I tend to agree with you Chas, not dying, but it certainly appears to be flattening out.


----------



## lownote (Jan 3, 2008)

I'm not sure how you can say this. In the next year, aristo is introducing

A "modern" 2-8-0

A PCC car
a new remote control system

a live steam version of its 0-4-0

and some other stuff I've forgotten 


USAT is introducing or just released 


Dockside switcher 

center cupola cabbose
B6 0-6-0 



Bachmann is bringing out a mallet


----------



## wchasr (Jan 2, 2008)

Posted By lownote on 12/17/2008 8:30 AM
I'm not sure how you can say this. In the next year, aristo is introducing

A "modern" 2-8-0

A PCC car
a new remote control system

a live steam version of its 0-4-0

and some other stuff I've forgotten 


USAT is introducing or just released 


Dockside switcher 

center cupola cabbose
B6 0-6-0 



Bachmann is bringing out a mallet

What about all the items that have been promised by manufactururs and then taken away deemed as "too expensive right now"?


----------



## vsmith (Jan 2, 2008)

Posted By wchasr on 12/17/2008 11:50 AM
Posted By lownote on 12/17/2008 8:30 AM
I'm not sure how you can say this. In the next year, aristo is introducing

A "modern" 2-8-0

A PCC car
a new remote control system

a live steam version of its 0-4-0

and some other stuff I've forgotten 


USAT is introducing or just released 


Dockside switcher 

center cupola cabbose
B6 0-6-0 



Bachmann is bringing out a mallet

What about all the items that have been promised by manufactururs and then taken away deemed as "too expensive right now"? 

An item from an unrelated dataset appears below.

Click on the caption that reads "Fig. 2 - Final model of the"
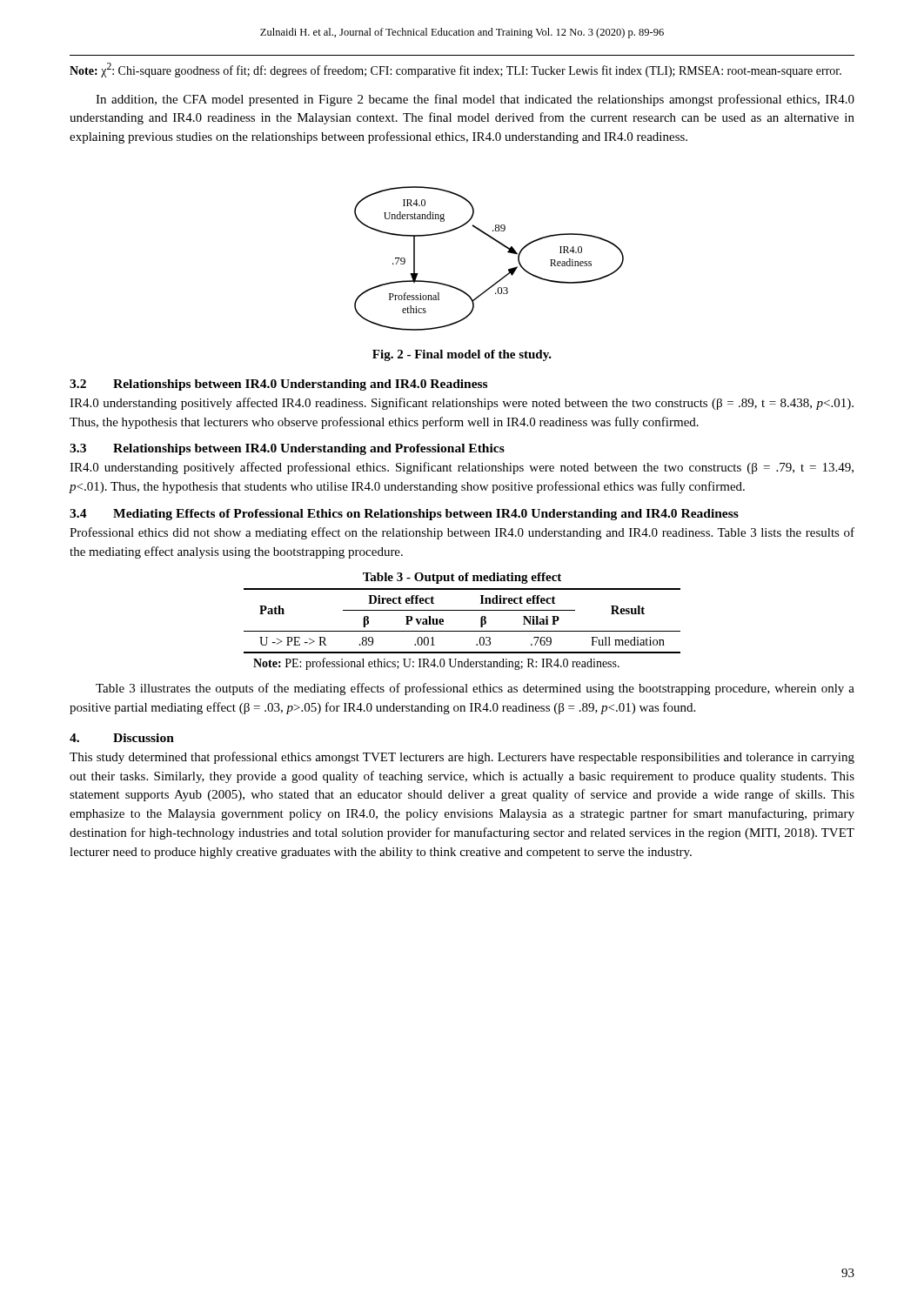(x=462, y=354)

That bloody little USA B-6 has been "coming soon" for the last 4 years, even if it did, at $1.3K who cares? I can't afford that ...

Anyone else notice an interesting trend here? Aristo's last release was the C-16, and all the locomotives listed above also have one major thing in common, they are all small radius (5' or smaller) compliant, the Mallet will do 5' dia., even R1's s with some mods so we are told. I'll bet the Aristo Connie will also be 5' compliant, maybe R1 if it indeed has blind drivers.

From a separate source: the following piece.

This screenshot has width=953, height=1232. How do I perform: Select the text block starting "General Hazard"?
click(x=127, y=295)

Maybe, just maybe, they've finally figured it out... namely that *most* large scalers have small suburban yards, not a spare acre of farmland. Offerings that are small radius compliant is a marked change from the "Bigger is Better" trend of the last few years. It indicates a move towards the broadest possible market and less niche offerings (did we really need 3 GG1s?)


----------



## Spule 4 (Jan 2, 2008)

Bigger is better is hitting the other scales too. HO steam is a perfect example.


----------